3. Record result: PASS, FAIL, or describe issue
4. If issues found:
   - Diagnose root cause
   - Create targeted fix plan
5. If all pass: Phase complete

### UAT Output

```yaml
# 2-UAT.md
phase: 2
tested_by: user
tested_at: 2024-01-15T14:00:00Z

test_cases:
  - case: "Login with email"
    result: PASS

  - case: "Dashboard shows projects"
    result: FAIL
    issue: "Shows loading spinner forever"
    diagnosis: "API returns 500, missing auth header"

  - case: "Create new project"
    result: BLOCKED
    reason: "Cannot test, dashboard not loading"

fix_required: true
fix_plan:
  - task: "Add auth header to dashboard API call"
    files: [src/api/projects.ts]
    priority: P0
```

---

## Integration with Task Workflow

### Task Completion Hook
When task closes:
1. Worker marks task closed with reason
2. If all phase tasks closed, trigger phase verification
3. Verifier agent runs goal-backward check
4. If PASS: Phase marked complete
5. If GAPS: Create remediation tasks, phase stays in_progress

### Verification Task Type
Verification itself is a task:

```yaml
type: verification
phase_id: phase-2
status: open
assigned_to: verifier-agent
priority: P0  # Always high priority
```

---

## Checkpoint Types

During execution, agents may need human input.

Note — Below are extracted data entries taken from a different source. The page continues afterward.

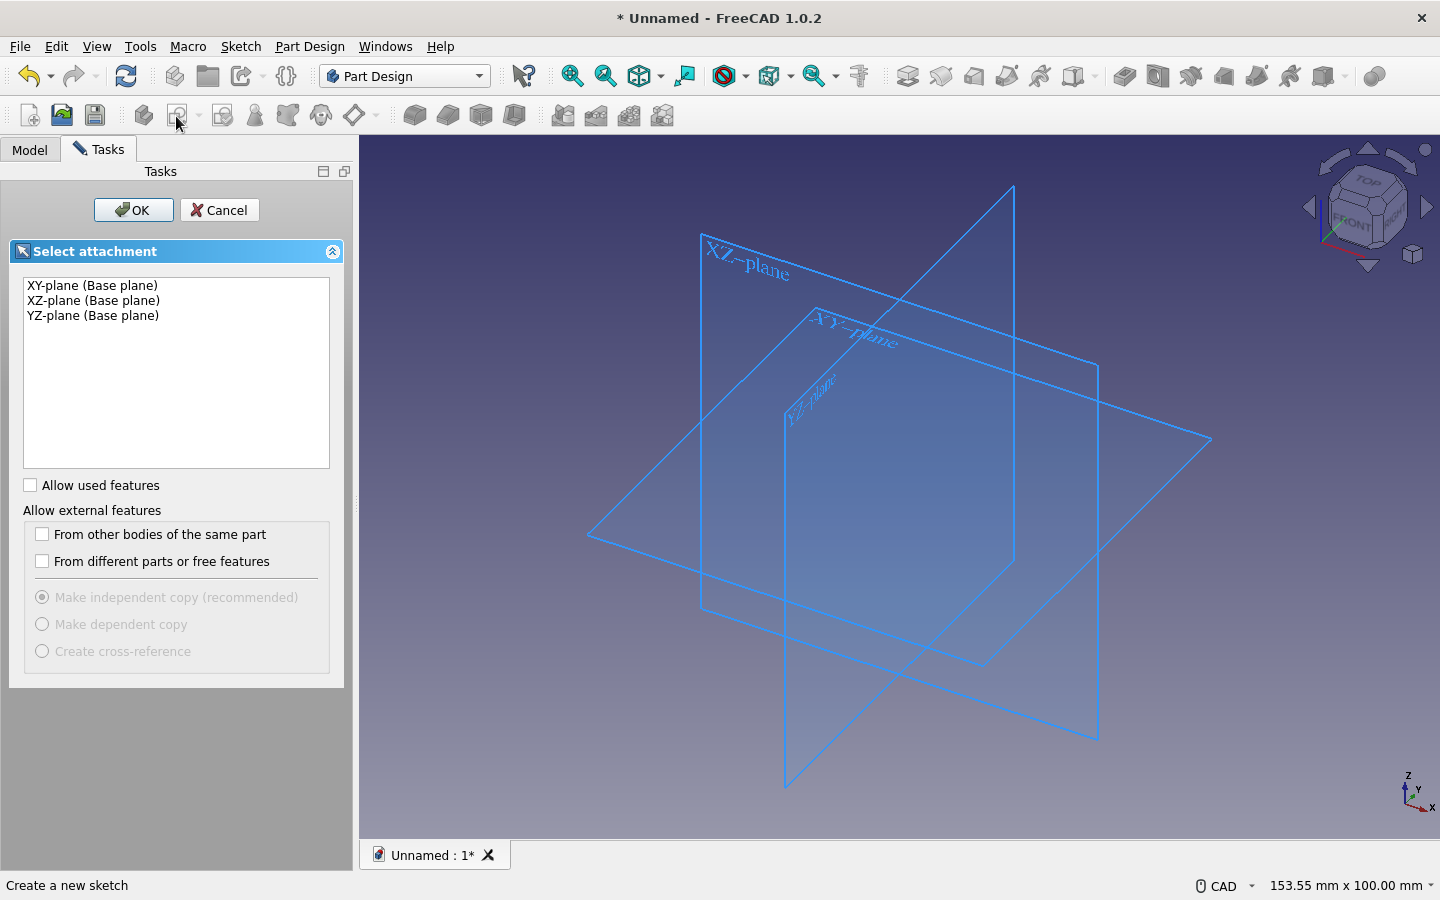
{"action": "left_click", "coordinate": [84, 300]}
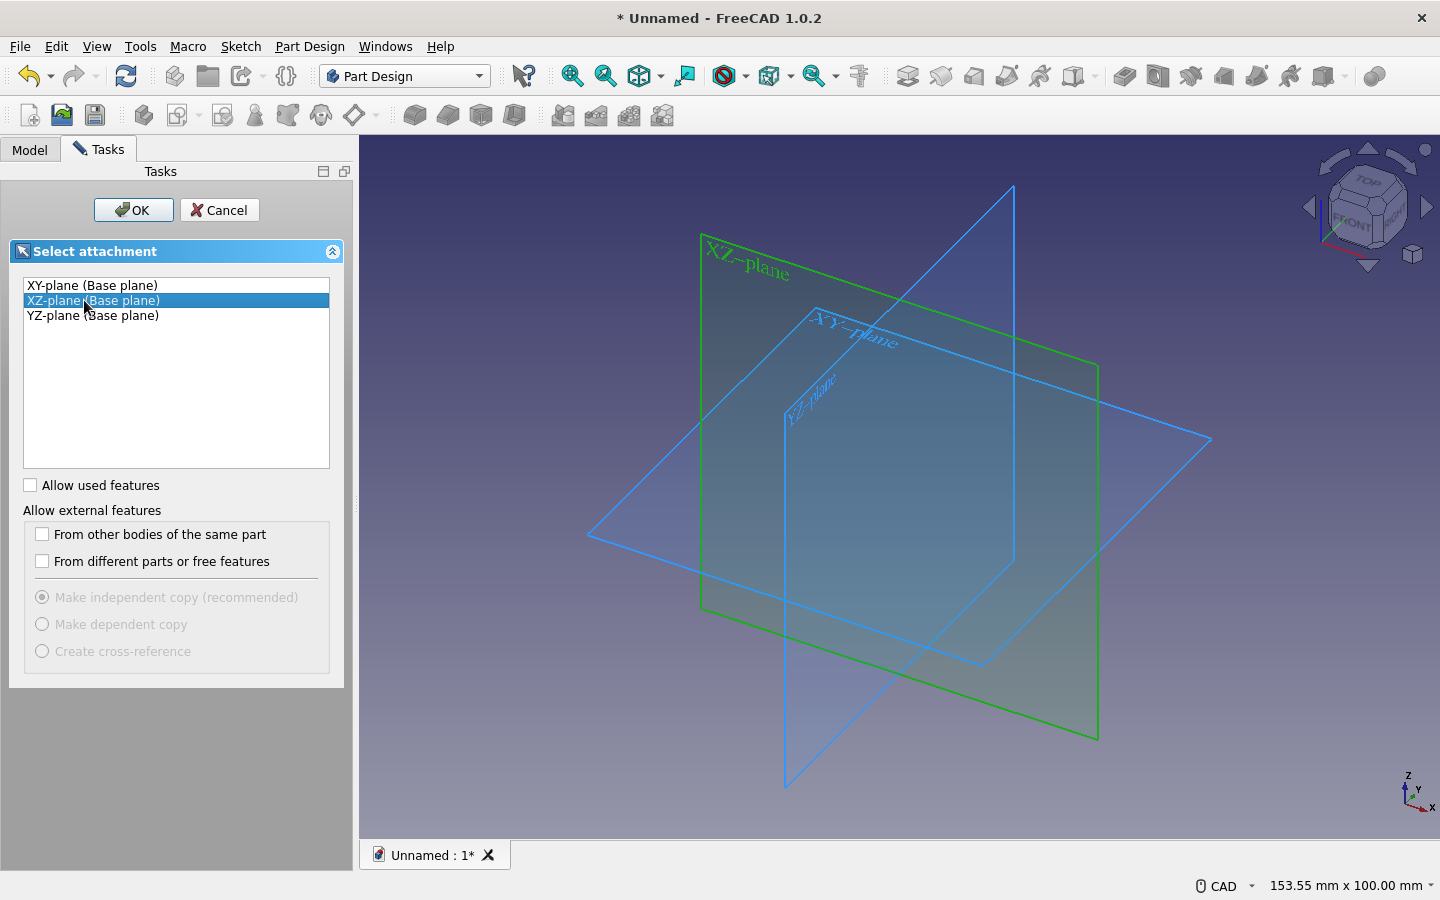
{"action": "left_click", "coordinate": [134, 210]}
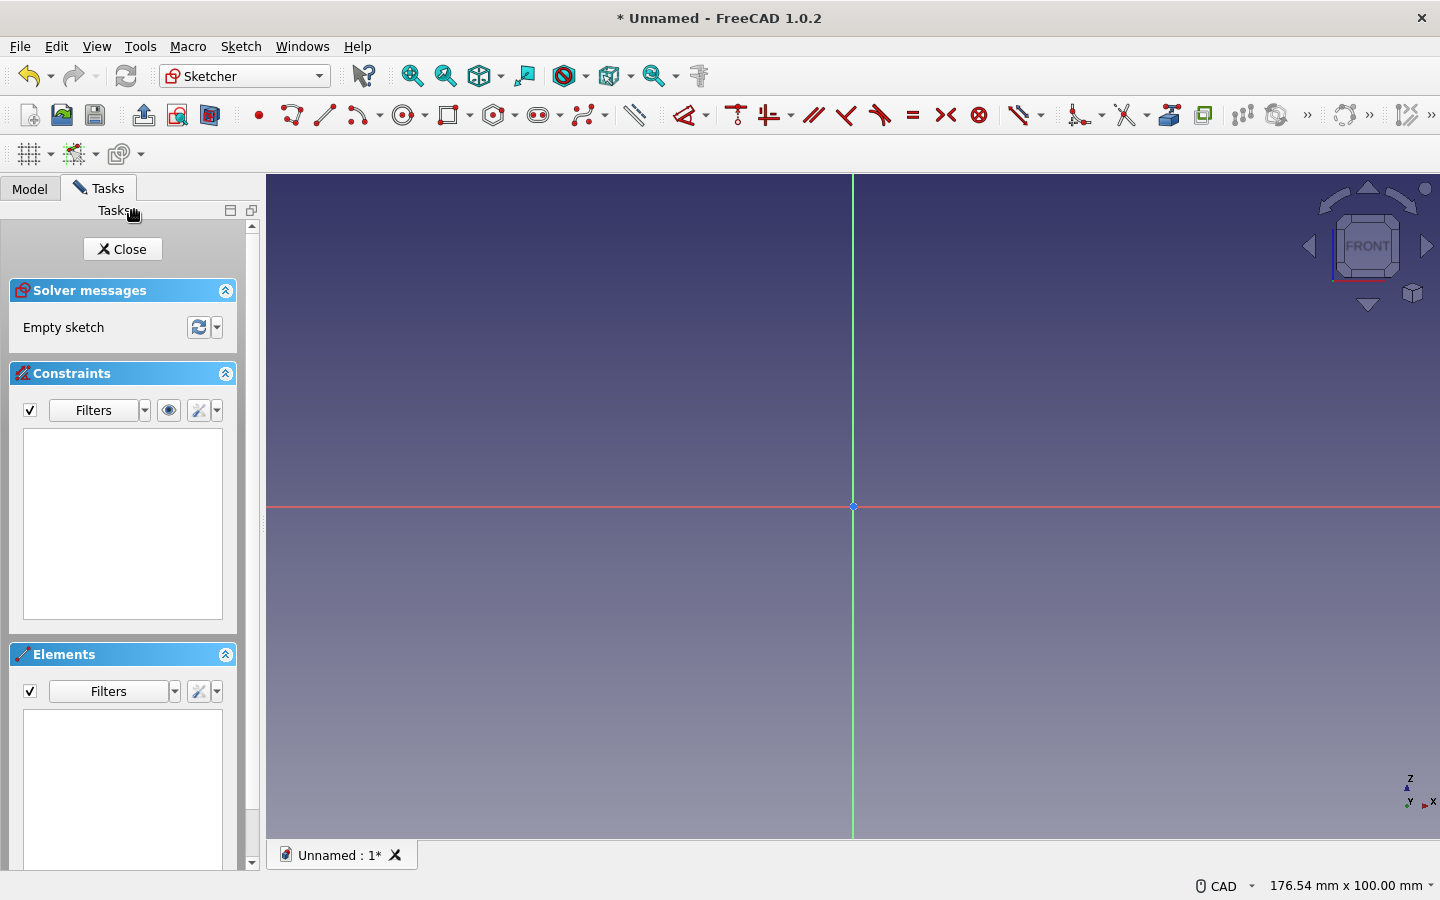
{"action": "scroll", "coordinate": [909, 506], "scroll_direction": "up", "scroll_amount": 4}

Use precise checkpoint types:

### checkpoint:human-verify (90% of checkpoints)
Agent completed work, user confirms it works.

```yaml
checkpoint: human-verify
prompt: "Can you log in with email and password?"
expected: "User confirms successful login"
```

### checkpoint:decision (9% of checkpoints)
User must make implementation choice.

```yaml
checkpoint: decision
prompt: "OAuth2 or SAML for SSO?"
options:
  - OAuth2: "Simpler, most common"
  - SAML: "Enterprise requirement"
```

### checkpoint:human-action (1% of checkpoints)
Truly unavoidable manual step.

```yaml
checkpoint: human-action
prompt: "Click the email verification link"
reason: "Cannot automate email client interaction"
```

---

## Human Verification Needs

Some verifications require human eyes:

| Category | Examples | Why Human |
|----------|----------|-----------|
| Visual | Layout, spacing, colors | Subjective/design judgment |
| Real-time | WebSocket, live updates | Requires interaction |
| External | OAuth flow, payment | Third-party systems |
| Accessibility | Screen reader, keyboard nav | Requires tooling/expertise |

**Mark these explicitly** in verification output. Don't claim PASS when human verification is pending.